Наконец, все успокоилось, рабы вернулись к телегам, на которых их привезли на рынок, и распорядитель объявил о начале торгов.

— Ну, ребятки, покажите ваши документики, — сказал своим самый прогрессивный рабовладелец. И все — кто с гордостью, кто со стыдом, а кто с тупой покорностью — ознакомили хозяина с квитанциями на оплату себя. Один только раб — тот самый, который поленился шептать в машину, топтался поодаль.

— А ты что? Сколько ты стоишь, раб мой любезный? — спросил его хозяин.

— А нисколько, — буркнул раб.

— Что-то ты и вправду дефективный какой-то, — брезгливо пролорнировал его хозяин, — Ступай-ка прочь, не позорь меня. Вот тебе вольная!

Свободный раб засунул вольную за голенище сапога, как попало, и побрел прочь. Он-то прежде ничего иного не видал и очень удивился, что мир не ограничивается невольничьим рынком. Через пару дней торги были окончены. Свободный раб сидел на обочине дороги и перекусывал чем-то условно съедобным, когда мимо него в кандалах прогнали группу самых дороги рабов: их силу и выносливость оценили по достоинству и всех скопом отправили в каменоломни.

Злой колдун

В одной деревне жил некогда злой колдун. То есть, это он считал себя злым колдуном, потому что имел об этом справку из злоколдунческой академии и даже аттестат о повышении квалификации из заграничного университета магии и колдовства. Колдун колдовал помаленьку, а соседи ничего о нем не знали, даже и не думали. Выходил он из дома всегда по ночам: потому что в темноте удобнее брезгливому колдуну собирать всю ту гадость, из которой положено варить зелья. А днём он занимался перегонкой гадости и чёрной магией.

«Как всё-таки я ужасно, чудовищно зол!» — иногда думал колдун, любуясь своим отражением в тазу с ядовитой отравой, — «Я — страшное наказание для окружающих меня людей, и в чём они только провинились, бедные?»

Окружающие люди продолжали пребывать в счастливом неведении: колдун творил свои злые дела как-то отстранённо, их все списывали на несчастный случай или плохую погоду. Такие вот попались бесчувственные, несуеверные селяне. Колдун, правда, этого не знал и продолжал терзаться.

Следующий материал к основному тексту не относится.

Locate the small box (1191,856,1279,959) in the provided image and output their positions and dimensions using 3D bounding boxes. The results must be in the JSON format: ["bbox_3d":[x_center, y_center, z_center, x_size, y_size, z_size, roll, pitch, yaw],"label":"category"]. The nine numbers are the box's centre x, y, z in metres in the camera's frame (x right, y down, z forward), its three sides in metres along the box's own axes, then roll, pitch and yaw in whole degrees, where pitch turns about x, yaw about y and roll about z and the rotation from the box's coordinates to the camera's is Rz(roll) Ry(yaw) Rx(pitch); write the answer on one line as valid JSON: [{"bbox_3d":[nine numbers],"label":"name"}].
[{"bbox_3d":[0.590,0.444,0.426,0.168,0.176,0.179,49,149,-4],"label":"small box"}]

«Ведь они же ничего мне не сделали, эти жалкие людишки. Они не виноваты в том, что я творю свои чёрные дела в их тихой деревне! Ну ладно, взрослые. Они, может быть, заслужили. Но дети-то ещё не успели!»

И колдун решил как-нибудь порадовать детей. Однажды он вышел из своей избушки средь бела дня и направился к пустырю, на котором играли дети.

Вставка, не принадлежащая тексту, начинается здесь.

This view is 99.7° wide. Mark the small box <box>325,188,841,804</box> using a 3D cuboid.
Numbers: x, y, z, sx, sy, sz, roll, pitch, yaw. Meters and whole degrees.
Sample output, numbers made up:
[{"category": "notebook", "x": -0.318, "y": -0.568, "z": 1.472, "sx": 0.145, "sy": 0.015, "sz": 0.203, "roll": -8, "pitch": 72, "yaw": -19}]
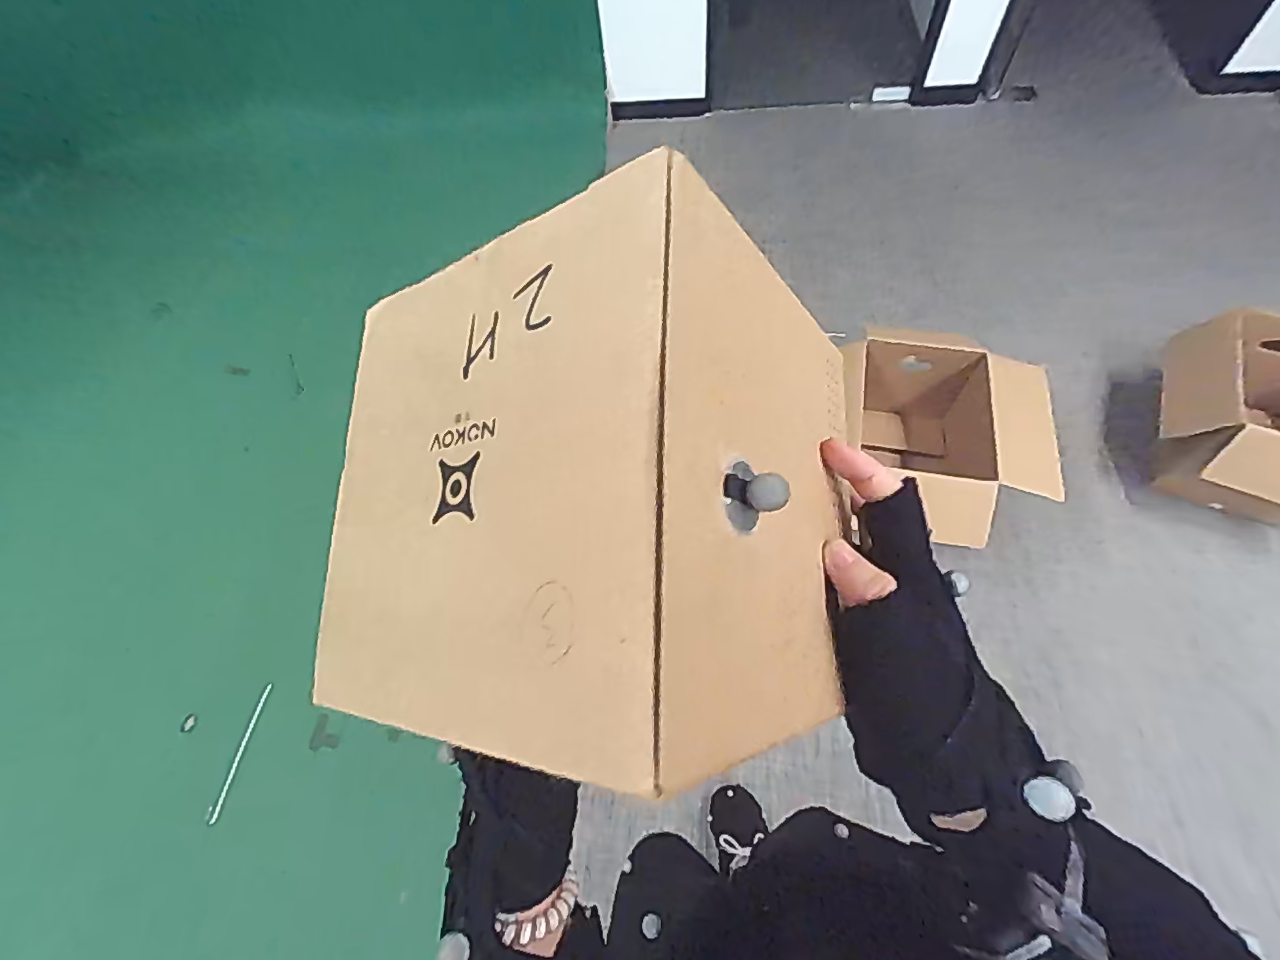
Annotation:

— Дети, внимание! — сказал колдун, чтобы они отвлеклись от своих буйных забав, — Сейчас я буду показывать фокусы!

Сделав пару ложных пассов руками, он начал доставать из воздуха мячики, скакалки и прочую мелочь. Но дети не хотели скакалок и мячиков! Они хотели пистолетов, автоматов и пулемётов, желательно настоящих, но на первое время можно игрушечных.

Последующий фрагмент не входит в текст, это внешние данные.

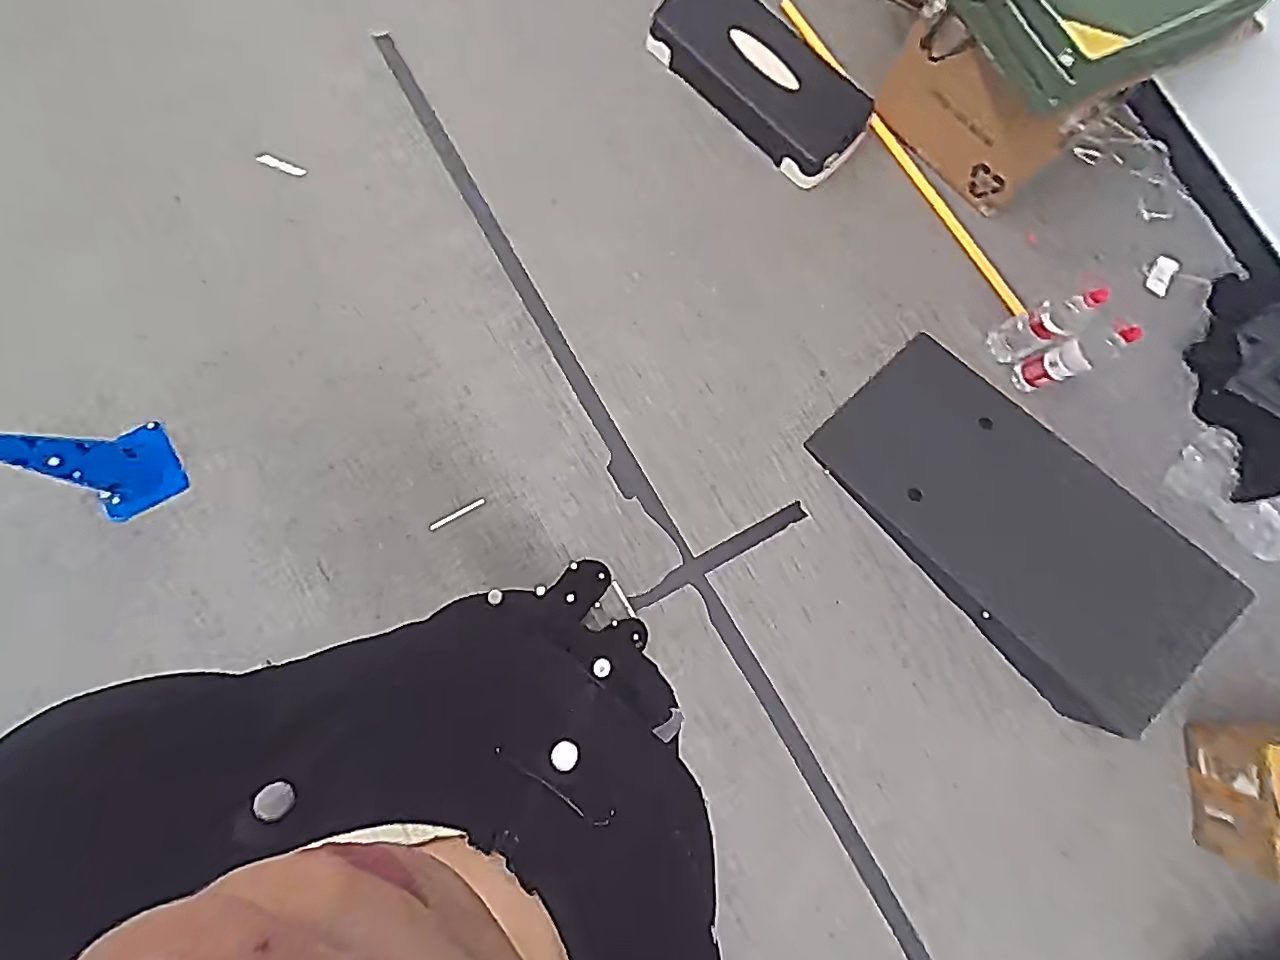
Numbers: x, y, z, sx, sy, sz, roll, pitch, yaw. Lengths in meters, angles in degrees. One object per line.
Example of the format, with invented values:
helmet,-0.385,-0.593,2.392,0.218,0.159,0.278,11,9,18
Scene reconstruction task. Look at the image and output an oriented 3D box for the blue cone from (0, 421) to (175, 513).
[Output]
blue cone,-1.251,-0.053,1.169,0.193,0.380,0.192,-28,84,-7

— Что это за фигня такая? — спросил самый шустрый ребёнок, — Засунь это себе обратно, мы всё рано не купим твоё барахло!

Колдун, как вы помните, был дипломированным злодеем и такого к себе отношения стерпеть не мог. Пока дети, беснуясь, рвали скакалки и прокалывали мячи, он достал из кармана щепотку толченой гадости, пошептал над ней, швырнул в сторону неблагодарных детей, и те тут же превратились в камни.